The laser beam-riding guidance system is impossible to jam and works with low-reflectivity targets.

In 2011, Thales issued a press release;

Thales UK and the UK Ministry of Defence (MoD) have today announced an innovative approach to contracting under the principles of Team Complex Weapons (TCW). The two parties have agreed to ‘re-role’ previously contracted budgets to facilitate the full-scale development, series production and introduction of the Lightweight Multi-role Missile (LMM) into service for UK Armed Forces.

“This is a clear demonstration of MoD and industry working in partnership…”

Specific activities covered under this contract amendment include:- design, development and qualification of the laser beam rider version of LMM, production of an initial delivery quantity of 1,000 LMM, precision-guidance system that will deliver a highly accurate performance against static and mobile targets and with low-collateral damage

The multi-role aspects of LMM mean that the UK will have the ability to use a single family of weapons to take on a variety of roles, including: maritime role – LMM will be integrated as the Future Anti-Surface Guided Weapon Light FASGW(L) missile on the new Wildcat Lynx helicopter platform under a parallel programme with the UK MoD. Ground-to-ground role – the dual-effect warhead of LMM (blast fragmentation and shaped charge) makes it suitable for a wide range of ground targets including light/medium armour; air-launched role – the modular design of the missile permits the future development and introduction of alternative warheads, seekers including a semi-active laser (SAL) version for precision strike surface attack roles;

Speaking at the announcement, David Beatty, Managing Director of Thales UK’s Belfast facility, where LMM will be manufactured, said: “This is a clear demonstration of MoD and industry working in partnership to ensure that we deliver the products that our Armed Forces require in a timely and affordable manner.”

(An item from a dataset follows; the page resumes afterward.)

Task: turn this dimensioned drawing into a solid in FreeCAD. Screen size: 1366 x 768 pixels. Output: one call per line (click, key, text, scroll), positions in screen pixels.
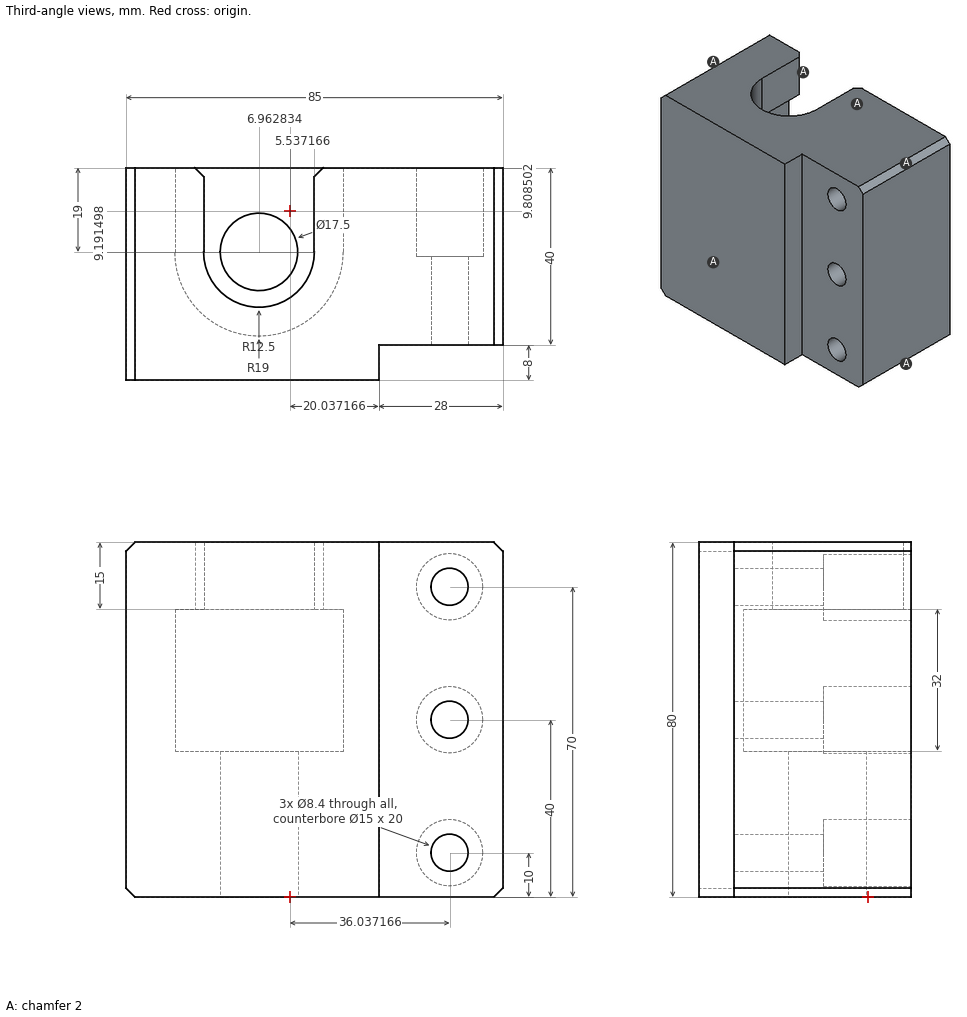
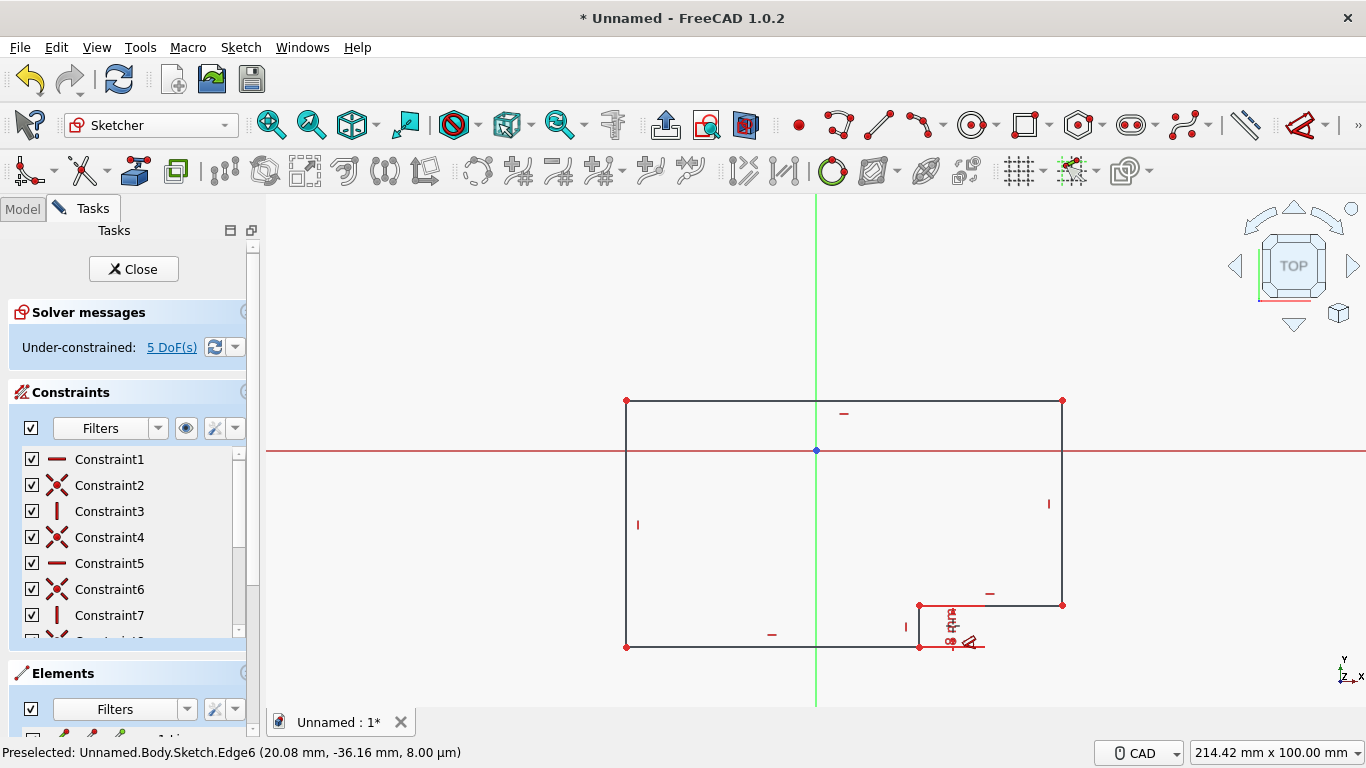
click(962, 606)
click(1023, 640)

“This contract also helps broaden our UK design, development and manufacturing capabilities that specialise in lightweight and short-range missiles, such as our Starstreak and VT1 air defence products and the NLAW anti-armour weapon.”

“LMM is unique in that it’s the first lightweight weapon family to be specially designed to have a wide range of operational roles. We firmly believe that this is what Armed Forces require now and in the future as it not only can provide adaptability in the battlefield but also major benefits in whole life costs by having one weapon family with a highly cost-effective associated logistic support.”

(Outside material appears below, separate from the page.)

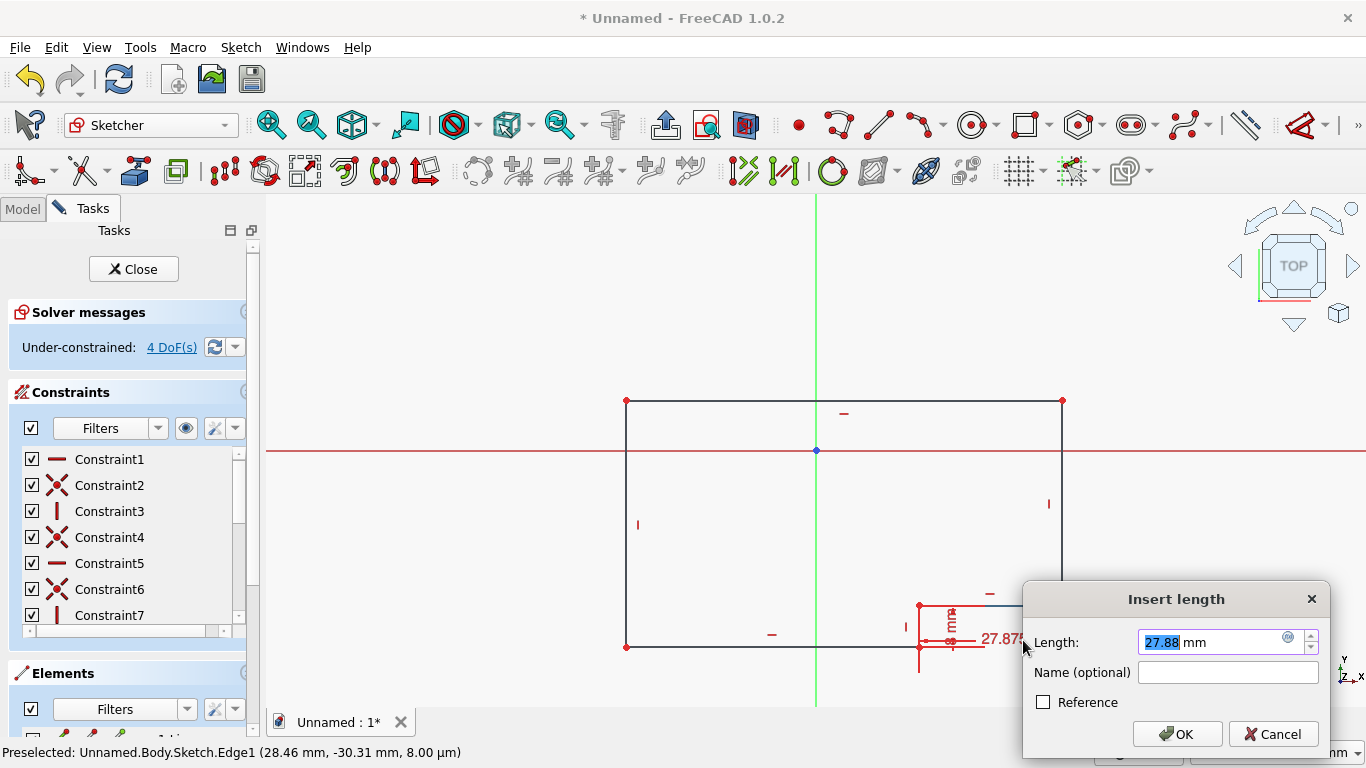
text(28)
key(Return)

“We have already conducted preliminary marketing of LMM and I can confirm that there is a very high level of interest in this new family of missiles. The main interest is coming from land, sea and air platform suppliers who are keen to have the lightweight, low cost and operational versatility that LMM can deliver. This contract shows Thales delivering the innovation intended by Team CW. ”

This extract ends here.